The private Ethernet network for metadata is one of the more obscure parts of an Xsan. The goal is to create a very low-latency communications channel for SAN metadata. In other words, when a client clicks "Capture Now," it needs to ask the metadata controller for the location of free space on the SAN. You want the metadata controller to return its response with no delay.

See below for some tips about this network.

Private network tips

Your private network should following these guidelines:

• You should use gigabit Ethernet PCI cards, a gigabit Ethernet switch, and good quality (Cat-5e or Cat-6) cabling.
• In the Network preference pane's "Network Port Configuration," the private network interface should be listed below the public network interface. This sets the public interface as the default.
• When configuring the private interface's TCP/IP parameters, only fill in IP Address and Subnet Mask. Leave the other fields blank.
• Choose an IP address range that is unrouted and unassigned to a DNS domain (see below).

Choosing your IP range

The three IP subnets listed in the Xsan Admin Guide are good starting ranges for your IP range, but that's only part of the story.
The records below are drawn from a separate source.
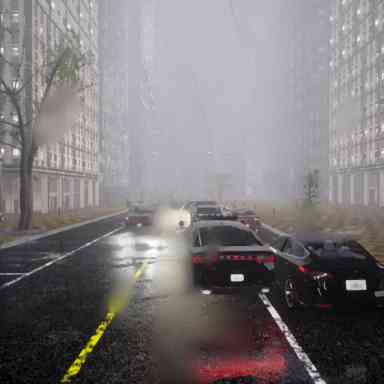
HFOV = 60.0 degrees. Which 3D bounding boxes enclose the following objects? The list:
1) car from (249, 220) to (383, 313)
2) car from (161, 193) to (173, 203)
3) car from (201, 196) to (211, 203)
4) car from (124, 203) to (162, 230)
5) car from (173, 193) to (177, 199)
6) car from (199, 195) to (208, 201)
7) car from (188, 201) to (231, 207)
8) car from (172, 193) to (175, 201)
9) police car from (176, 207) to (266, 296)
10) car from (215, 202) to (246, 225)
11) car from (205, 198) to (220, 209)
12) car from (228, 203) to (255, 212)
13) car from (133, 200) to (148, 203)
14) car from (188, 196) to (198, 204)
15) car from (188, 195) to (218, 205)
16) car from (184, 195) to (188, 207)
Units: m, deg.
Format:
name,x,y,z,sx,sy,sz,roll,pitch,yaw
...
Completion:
name,x,y,z,sx,sy,sz,roll,pitch,yaw
car,2.705,1.564,7.544,1.947,1.339,4.313,-1,0,0
car,-5.478,1.495,69.452,1.752,1.417,4.829,-1,0,0
car,2.904,1.521,69.614,2.008,1.369,4.403,-1,0,0
car,-3.034,1.595,21.402,1.895,1.301,4.718,0,0,0
car,-5.426,1.271,86.546,2.192,1.841,5.009,-1,0,0
car,2.958,1.507,86.543,2.008,1.369,4.403,-1,0,0
car,0.877,1.501,18.812,1.837,1.490,4.892,0,0,0
car,-5.459,1.548,75.263,1.802,1.307,4.206,-1,0,0
police car,0.632,1.423,8.879,1.930,1.638,5.238,0,0,-5
car,2.759,1.518,24.642,1.752,1.417,4.829,-1,0,0
car,2.831,1.528,47.044,1.887,1.381,4.507,-1,0,0
car,2.740,1.540,18.829,1.887,1.381,4.507,-1,0,0
car,-5.586,1.539,35.774,2.008,1.369,4.403,-1,0,0
car,0.201,1.538,63.810,1.994,1.385,4.181,0,0,0
car,0.925,1.345,24.782,2.097,1.767,4.553,0,0,0
car,0.191,1.548,46.462,1.994,1.385,4.181,0,0,-1
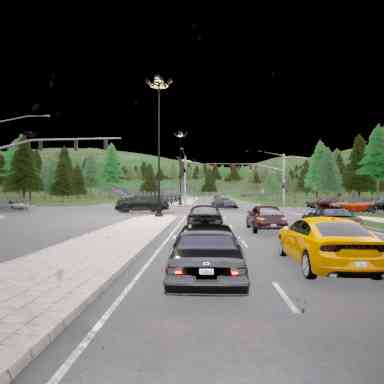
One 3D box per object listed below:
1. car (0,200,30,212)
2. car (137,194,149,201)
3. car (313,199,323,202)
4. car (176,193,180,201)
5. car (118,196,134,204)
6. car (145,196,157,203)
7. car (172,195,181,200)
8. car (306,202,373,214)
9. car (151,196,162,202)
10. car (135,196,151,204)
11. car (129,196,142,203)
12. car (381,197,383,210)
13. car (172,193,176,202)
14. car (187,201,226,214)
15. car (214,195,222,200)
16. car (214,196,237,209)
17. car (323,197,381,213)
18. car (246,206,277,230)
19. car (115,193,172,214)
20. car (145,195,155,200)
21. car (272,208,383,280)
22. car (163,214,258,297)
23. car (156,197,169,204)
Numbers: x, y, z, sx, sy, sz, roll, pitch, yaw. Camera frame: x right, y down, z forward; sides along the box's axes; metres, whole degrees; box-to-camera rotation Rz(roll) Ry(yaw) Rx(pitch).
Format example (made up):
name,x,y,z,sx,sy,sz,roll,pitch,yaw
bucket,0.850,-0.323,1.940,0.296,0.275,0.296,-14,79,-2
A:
name,x,y,z,sx,sy,sz,roll,pitch,yaw
car,-21.688,1.601,38.779,4.718,1.301,1.895,0,0,2
car,-11.860,1.355,80.900,2.097,1.767,4.553,0,0,2
car,17.145,1.477,42.258,5.008,1.535,1.882,0,0,6
car,-4.786,1.225,82.619,2.150,2.045,5.566,0,0,2
car,-12.591,1.564,63.423,1.994,1.385,4.181,0,0,3
car,-8.742,1.552,71.133,1.994,1.385,4.181,0,0,2
car,-4.360,1.533,93.021,2.033,1.411,5.357,0,0,2
car,7.745,1.547,18.821,2.033,1.411,5.357,0,0,3
car,-8.422,1.552,79.245,1.994,1.385,4.181,0,0,2
car,-9.152,1.491,62.282,2.128,1.511,4.902,0,0,3
car,-12.209,1.524,72.043,1.812,1.442,4.674,0,0,2
car,22.311,1.352,38.358,4.553,1.767,2.097,0,0,3
car,-5.193,1.355,72.326,2.097,1.767,4.553,0,0,2
car,0.726,1.478,18.598,1.882,1.535,5.008,0,0,3
car,7.041,1.552,90.604,1.994,1.385,4.181,0,0,2
car,4.267,1.564,44.742,1.994,1.385,4.181,0,0,-29
car,16.754,1.351,35.078,4.553,1.767,2.097,0,0,2
car,4.260,1.526,19.204,1.812,1.442,4.674,0,0,3
car,-5.234,1.221,35.056,5.566,2.045,2.150,0,0,-1
car,-11.452,1.539,91.134,2.033,1.411,5.357,0,0,2
car,3.932,1.478,9.985,1.882,1.535,5.008,0,0,3
car,0.378,1.547,8.777,2.033,1.411,5.357,0,0,2
car,-5.593,1.601,63.392,1.895,1.301,4.718,0,0,3
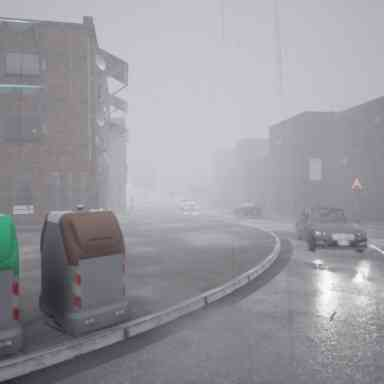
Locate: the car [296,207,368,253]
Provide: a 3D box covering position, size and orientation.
[{"bbox_3d":[5.284,1.369,13.079,2.128,1.511,4.902,0,0,10],"label":"car"}]

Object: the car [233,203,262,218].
[{"bbox_3d":[5.904,1.888,36.205,1.882,1.535,5.008,-1,0,-11],"label":"car"}]

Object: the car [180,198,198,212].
[{"bbox_3d":[-0.605,1.980,52.711,2.150,2.045,5.566,-1,0,-11],"label":"car"}]
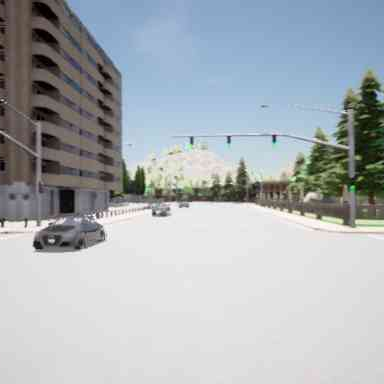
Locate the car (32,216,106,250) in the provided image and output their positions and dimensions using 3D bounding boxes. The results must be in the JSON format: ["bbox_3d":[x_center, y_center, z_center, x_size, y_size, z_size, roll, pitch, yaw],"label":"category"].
[{"bbox_3d":[-5.564,1.829,15.522,1.994,1.385,4.181,0,-1,5],"label":"car"}]

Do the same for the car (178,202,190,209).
[{"bbox_3d":[-1.520,2.581,66.055,1.994,1.385,4.181,-1,-1,5],"label":"car"}]

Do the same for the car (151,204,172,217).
[{"bbox_3d":[-3.611,2.176,39.939,2.128,1.511,4.902,-1,-1,5],"label":"car"}]
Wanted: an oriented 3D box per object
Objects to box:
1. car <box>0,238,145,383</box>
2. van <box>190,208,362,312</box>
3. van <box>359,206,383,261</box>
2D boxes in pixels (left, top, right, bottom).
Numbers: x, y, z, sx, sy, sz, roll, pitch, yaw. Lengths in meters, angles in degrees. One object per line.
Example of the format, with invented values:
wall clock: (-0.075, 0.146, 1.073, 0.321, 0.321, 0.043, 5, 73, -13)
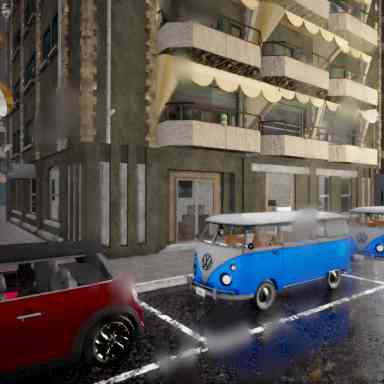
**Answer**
car: (-2.755, 1.440, 4.128, 4.097, 1.590, 1.967, 0, 0, -36)
van: (1.870, 1.342, 7.441, 3.998, 1.788, 1.690, 0, 0, -36)
van: (6.496, 1.345, 10.755, 3.998, 1.788, 1.690, 0, 0, -36)
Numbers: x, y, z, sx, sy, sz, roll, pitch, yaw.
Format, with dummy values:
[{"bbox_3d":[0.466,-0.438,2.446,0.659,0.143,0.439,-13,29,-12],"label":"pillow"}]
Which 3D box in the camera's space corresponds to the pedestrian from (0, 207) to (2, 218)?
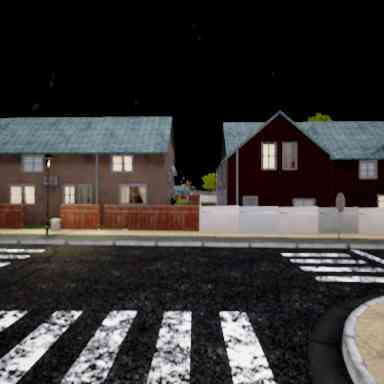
[{"bbox_3d":[-9.322,1.124,15.640,0.375,1.860,0.375,0,-1,1],"label":"pedestrian"}]

Choosing which one is basically a matter of taste, but you must make sure:

• The range is not used by any other network you can access
• Your DNS servers do not include records for the range

The address range 192.168.1.1 - 192.168.1.254 is often used by consumer router manufacturers. If this is the range you use on your network to connect to the Internet, you must not use it for your metadata network. Choose another range.

DNS is a trickier issue to diagnose. Last week, for example, I was setting up a SAN for a small workgroup in a large corporation. Following the instructions in the Xsan guide, we set the private network to use the 192.168.1.x with a 255.255.255.0 subnet mask. We found that Xsan Admin was working extremely slowly. Every tab change or refresh took minutes to complete.

With the proper Terminal command, we were able to determine that the corporate IT department was already using the range 192.168 for another division in its network. Xsan Admin was trying the (incorrect) DNS name for the server for each transaction, timing out, and falling back to the IP address. By changing the range of the private network to 10.17.17.1 with a 255.255.255.0 mask, we were able to eliminate the timeouts without modifying DNS. We chose the "17.17" randomly, but confirmed that it was not in use elsewhere on the corporate network.

About the subnet mask

The subnet mask tells the computer how big the IP range is. A subnet mask of 255.255.255.0 is equivalent to a range of x.x.x.1 - x.x.x.254. This mask is appropriate for almost all private metadata networks.

Useful Terminal commands

dig +short -x 192.168.1.1

This command queries your DNS servers to see if an address has an associated name. If there is no name, then no result is returned. For example, dig +short -x 17.254.3.183 returns apple.com.. (Although Xsan can work with IPs that have associated DNS addresses, the DNS records must be configured perfectly. It is far easier just to keep DNS out of the picture.)

sudo lsof -ni4 | grep fsm

When run from the active metadata controller, shows the IP addresses of all connected Xsan clients. This may be useful to determine that all clients are connecting via the correct network. If you see any addresses in your public range, you have routing problems.